SPA keep me logged in for 6+ months


I am evaluating Auth0 as an identity provider for an authentication/authorization overhaul I am working on for a client. One of the requirements is that a user must be able to stay logged in for 6+ months. Really the time is arbitrary but 6 months it the minimum. I was reading this post for information:

however, I see that it has been closed and there was never any resolution. Can anyone tell me if the information in that post is still relevant and whether or not the functionality to adjust expiration times has been implemented?

The architecture is a multiple Single Page Application (SPA) website that functions as a single website with subdomains. Users should stay logged when moving between SPAs on different subdomains. The SPAs are supported via an API layer that we have complete control over.

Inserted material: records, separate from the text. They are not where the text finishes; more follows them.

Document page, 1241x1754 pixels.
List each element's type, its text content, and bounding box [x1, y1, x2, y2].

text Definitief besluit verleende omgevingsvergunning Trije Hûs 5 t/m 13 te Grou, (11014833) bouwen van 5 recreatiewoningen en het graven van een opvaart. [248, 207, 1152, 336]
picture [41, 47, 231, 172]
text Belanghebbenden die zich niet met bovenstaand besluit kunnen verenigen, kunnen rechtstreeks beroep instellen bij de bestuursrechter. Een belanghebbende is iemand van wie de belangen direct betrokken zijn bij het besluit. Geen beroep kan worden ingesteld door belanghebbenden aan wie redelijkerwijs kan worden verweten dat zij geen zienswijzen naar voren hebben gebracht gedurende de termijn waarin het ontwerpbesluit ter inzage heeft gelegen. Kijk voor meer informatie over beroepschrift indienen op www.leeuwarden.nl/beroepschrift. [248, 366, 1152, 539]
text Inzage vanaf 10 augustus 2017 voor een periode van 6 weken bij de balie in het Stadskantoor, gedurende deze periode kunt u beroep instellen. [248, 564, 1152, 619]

:wave: @dillon-courts there are a few steps we can take, but TLDR I do not believe we can guarantee a user will be logged in for 6+ months at this time. We can set the SSO Timeout in our tenant settings, this determines how long you can still get a new token without having to log in, which is set to 7 days by default, but we can set to a max of 30 days. This is possible so long as the user uses the session within 3 days. There is an inactive timeout that will require them to enter credentials again after 3 days of inactivity (currently non-configurable). We can take advantage of the checkSession call to refresh our tokens. See here:

We are looking at providing more configuration options and flexibility. However, I wouldn’t have any further details or timeline to give at this time.

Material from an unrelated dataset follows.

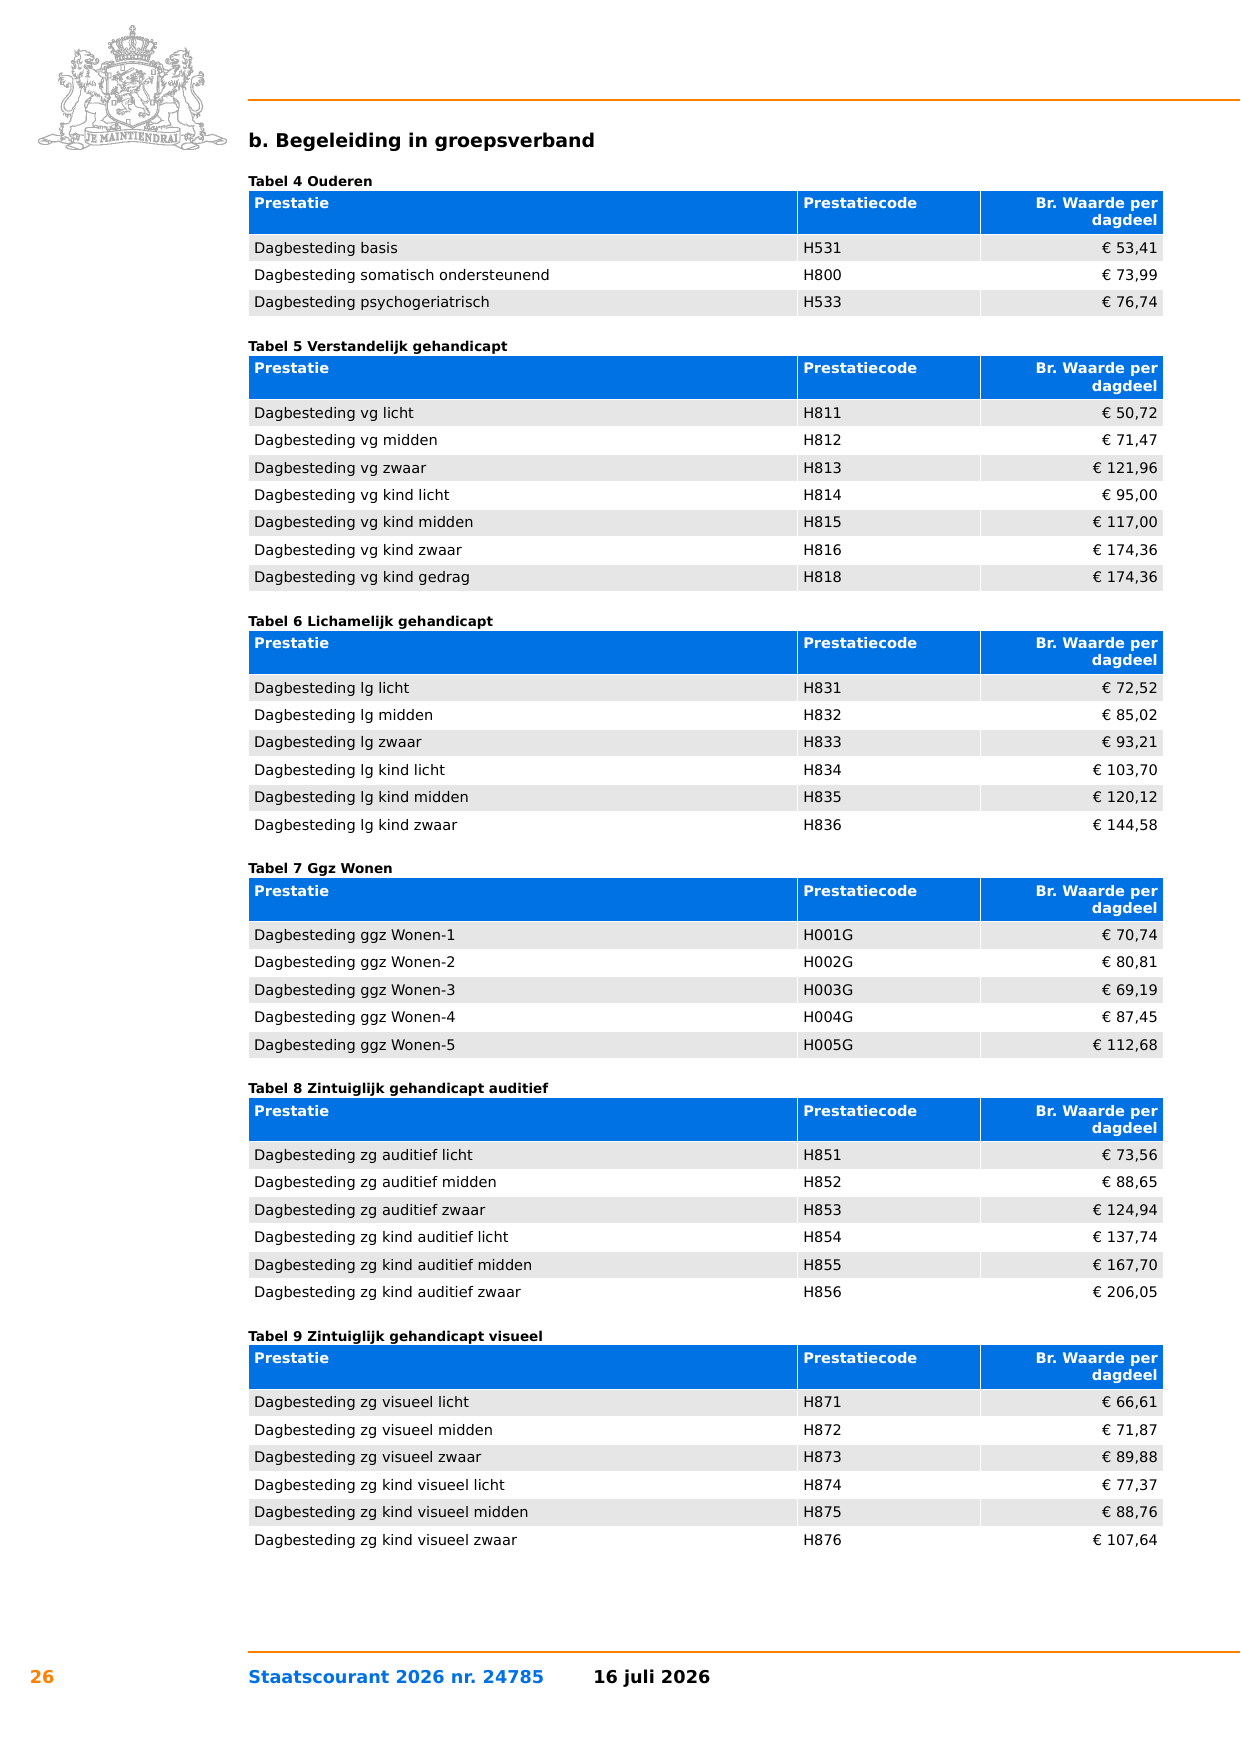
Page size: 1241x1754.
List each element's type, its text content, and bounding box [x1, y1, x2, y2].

Thanks for the response @kimcodes . That gives me a solid understanding of what is possible out of the box with Auth0. It seems I’ll need to get creative to satisfy the stay logged in requirement. Can I run a high level approach by you?

  1. User loads app
    1a. Check with auth0 to see if user is logged in, if they are nothing to be done
  2. User not logged in, redirect to auth0 hosted login page with code grant type, supply api url as redirect_uri
  3. Redirect to backend api after auth
  4. Backend api uses code to get access, id, and refresh tokens from auth0 /token endpoint
  5. Backend redirects to SPA and passes access and id tokens

After this login flow has happened once we will store the id_token in a cookie. The id_token can be sent to our API server during step 2 instead of redirecting to the auth0 hosted login page. The API can use the id_token to identify the user, lookup the refresh token, and renew the users tokens.

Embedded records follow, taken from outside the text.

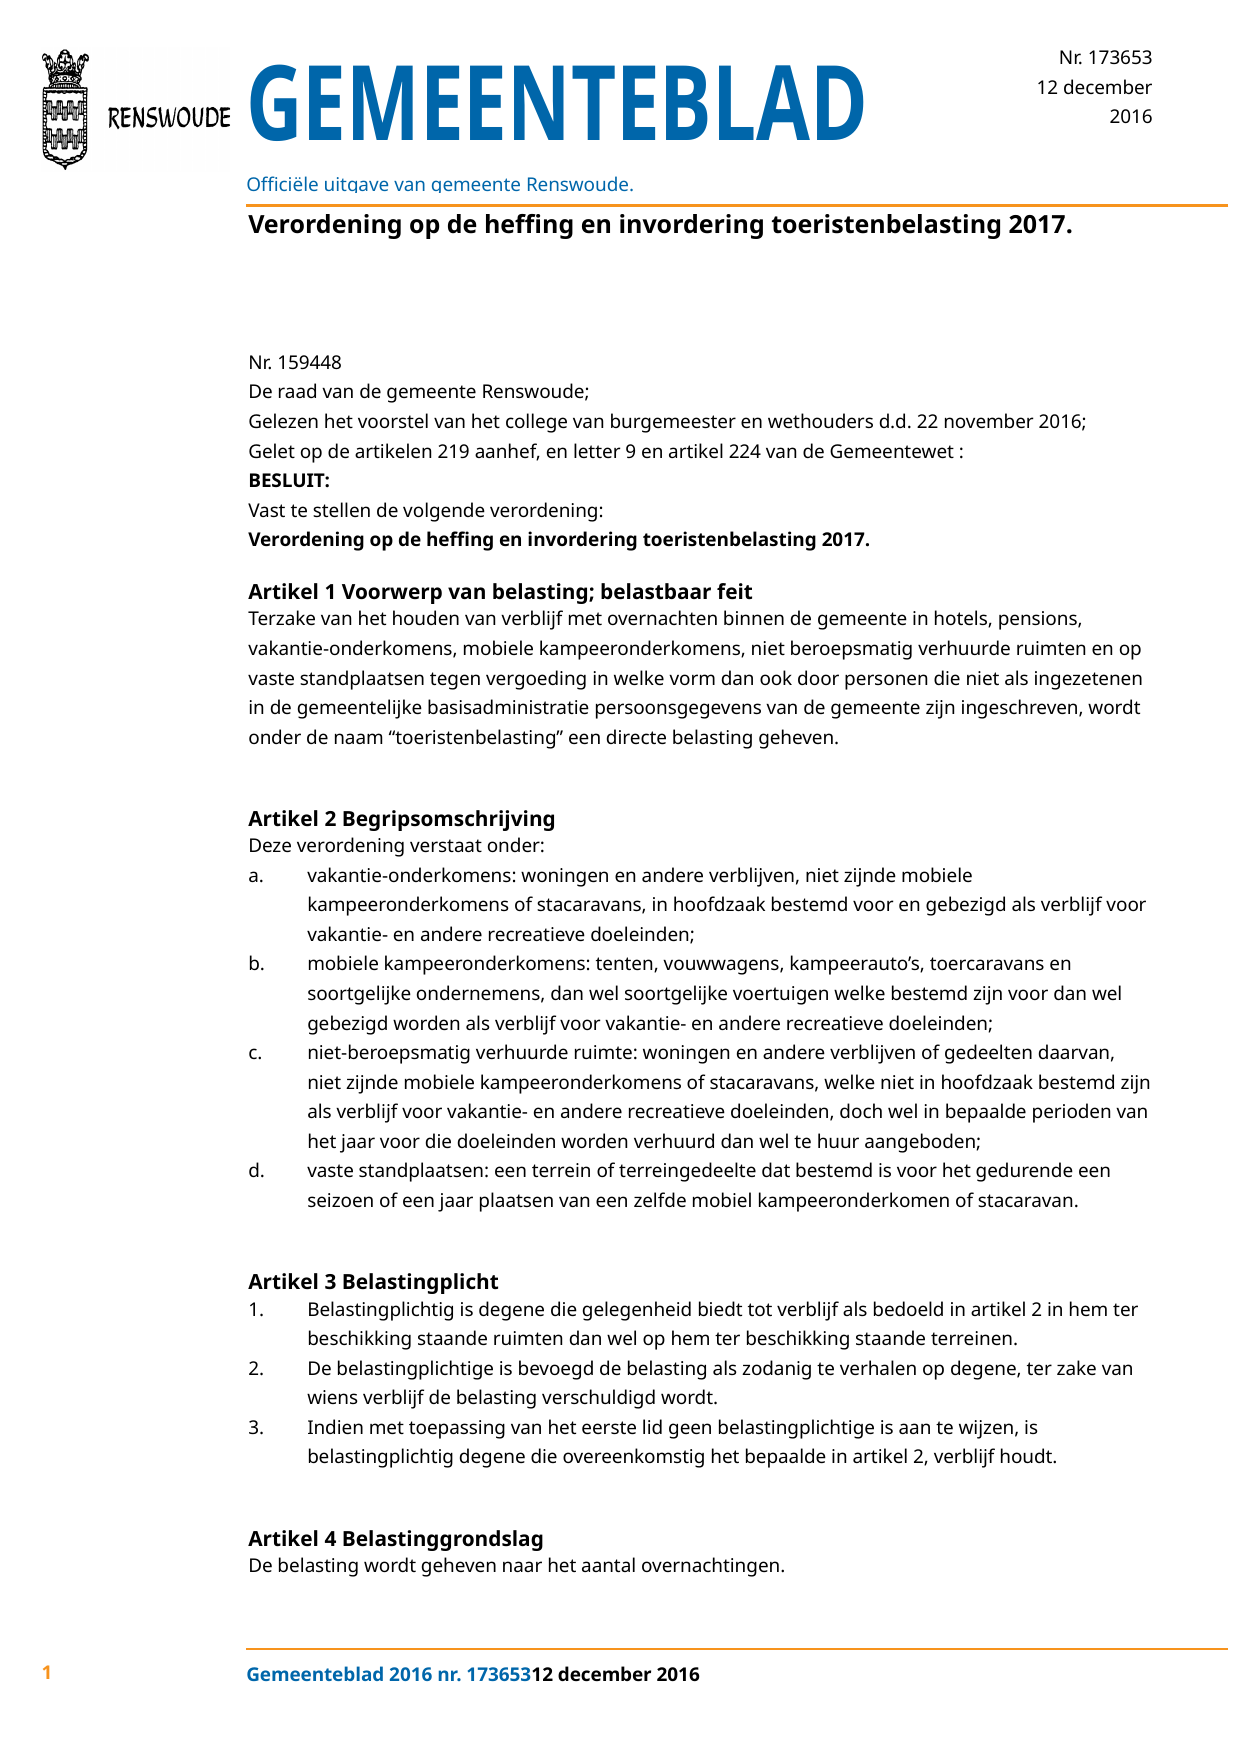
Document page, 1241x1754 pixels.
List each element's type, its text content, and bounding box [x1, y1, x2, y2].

text Terzake van het houden van verblijf met overnachten binnen de gemeente in hotels, pensions, vakantie-onderkomens, mobiele kampeeronderkomens, niet beroepsmatig verhuurde ruimten en op vaste standplaatsen tegen vergoeding in welke vorm dan ook door personen die niet als ingezetenen in de gemeentelijke basisadministratie persoonsgegevens van de gemeente zijn ingeschreven, wordt onder de naam “toeristenbelasting” een directe belasting geheven. [248, 606, 1152, 749]
text Artikel 4 Belastinggrondslag [248, 1524, 1152, 1552]
text Gelet op de artikelen 219 aanhef, en letter 9 en artikel 224 van de Gemeentewet : [248, 438, 1152, 464]
list vaste standplaatsen: een terrein of terreingedeelte dat bestemd is voor het gedurende een seizoen of een jaar plaatsen van een zelfde mobiel kampeeronderkomen of stacaravan. [248, 1158, 1152, 1213]
text BESLUIT: [248, 467, 1152, 493]
list vakantie-onderkomens: woningen en andere verblijven, niet zijnde mobiele kampeeronderkomens of stacaravans, in hoofdzaak bestemd voor en gebezigd als verblijf voor vakantie- en andere recreatieve doeleinden; [248, 862, 1152, 947]
text Artikel 1 Voorwerp van belasting; belastbaar feit [248, 577, 1152, 606]
list Indien met toepassing van het eerste lid geen belastingplichtige is aan te wijzen, is belastingplichtig degene die overeenkomstig het bepaalde in artikel 2, verblijf houdt. [248, 1414, 1152, 1469]
text Artikel 2 Begripsomschrijving [248, 804, 1152, 832]
list niet-beroepsmatig verhuurde ruimte: woningen en andere verblijven of gedeelten daarvan, niet zijnde mobiele kampeeronderkomens of stacaravans, welke niet in hoofdzaak bestemd zijn als verblijf voor vakantie- en andere recreatieve doeleinden, doch wel in bepaalde perioden van het jaar voor die doeleinden worden verhuurd dan wel te huur aangeboden; [248, 1039, 1152, 1154]
text Nr. 159448 [248, 349, 1152, 375]
list mobiele kampeeronderkomens: tenten, vouwwagens, kampeerauto’s, toercaravans en soortgelijke ondernemens, dan wel soortgelijke voertuigen welke bestemd zijn voor dan wel gebezigd worden als verblijf voor vakantie- en andere recreatieve doeleinden; [248, 951, 1152, 1036]
picture [41, 47, 231, 172]
text Verordening op de heffing en invordering toeristenbelasting 2017. [248, 527, 1152, 552]
list De belastingplichtige is bevoegd de belasting als zodanig te verhalen op degene, ter zake van wiens verblijf de belasting verschuldigd wordt. [248, 1355, 1152, 1410]
text De raad van de gemeente Renswoude; [248, 379, 1152, 404]
list Belastingplichtig is degene die gelegenheid biedt tot verblijf als bedoeld in artikel 2 in hem ter beschikking staande ruimten dan wel op hem ter beschikking staande terreinen. [248, 1296, 1152, 1351]
text Gelezen het voorstel van het college van burgemeester en wethouders d.d. 22 november 2016; [248, 408, 1152, 434]
text De belasting wordt geheven naar het aantal overnachtingen. [248, 1552, 1152, 1578]
text Artikel 3 Belastingplicht [248, 1267, 1152, 1296]
text Deze verordening verstaat onder: [248, 832, 1152, 858]
text Verordening op de heffing en invordering toeristenbelasting 2017. [248, 207, 1152, 241]
text Vast te stellen de volgende verordening: [248, 497, 1152, 523]

I realize this has some security implications, but is the best approach I can think of at the moment to allow for more durable ‘sessions’. Does this flow seem feasible? Or do you have any other suggestions?

Before you do all of that, I’d just build an authentication service so you can set it up the way you want. Auth0 is great as it provides a robust, highly validated service to do this if you can work with their options, but the gist of what it provides is a service to take a login/pw/token and provide a token.

I would build my own auth service for your situation especially since security isn’t that important.

@dillon-courts I am going to have to check the use case with my team. I will respond once I have more information if this would be possible.

Thanks for the kind words, however I must interject here.

This should never be the reason to roll your own authentication service… Unless you have the security experience along with the software engineering experience to stay on top of the often daily changes and risks on the internet and in software, you’re taking a huge risk for your client (and yourself) by rolling your own. Security should always be important, especially when you’re dealing with other people’s data, given that hackers will use easily exploitable services to access other, more difficult ones.


When Dillon said that convenience trumps security and they don’t really care about security as long as they can stay logged in for half a year or more at a time - it kind of obviates your issue with security. Any system with a requirement to be logged in for months at a time pretty much isn’t secure (and not supported obviously by Auth0).

Yes - there are a lot of mistakes that can be made building your own authentication system, but you can build a system that is secure especially if it doesn’t have to try to be all things to all people.

All that said, I’m happily using Auth0 because it’s secure, been vetted by numerous users and is on top of robust infrastructure. Started using Keycloak and realized how much engineering was involved in making it robust and fail-over safe and happily switched to Auth0. Complexity of using Auth0 though is quite high - still not really sure how to set things up correctly.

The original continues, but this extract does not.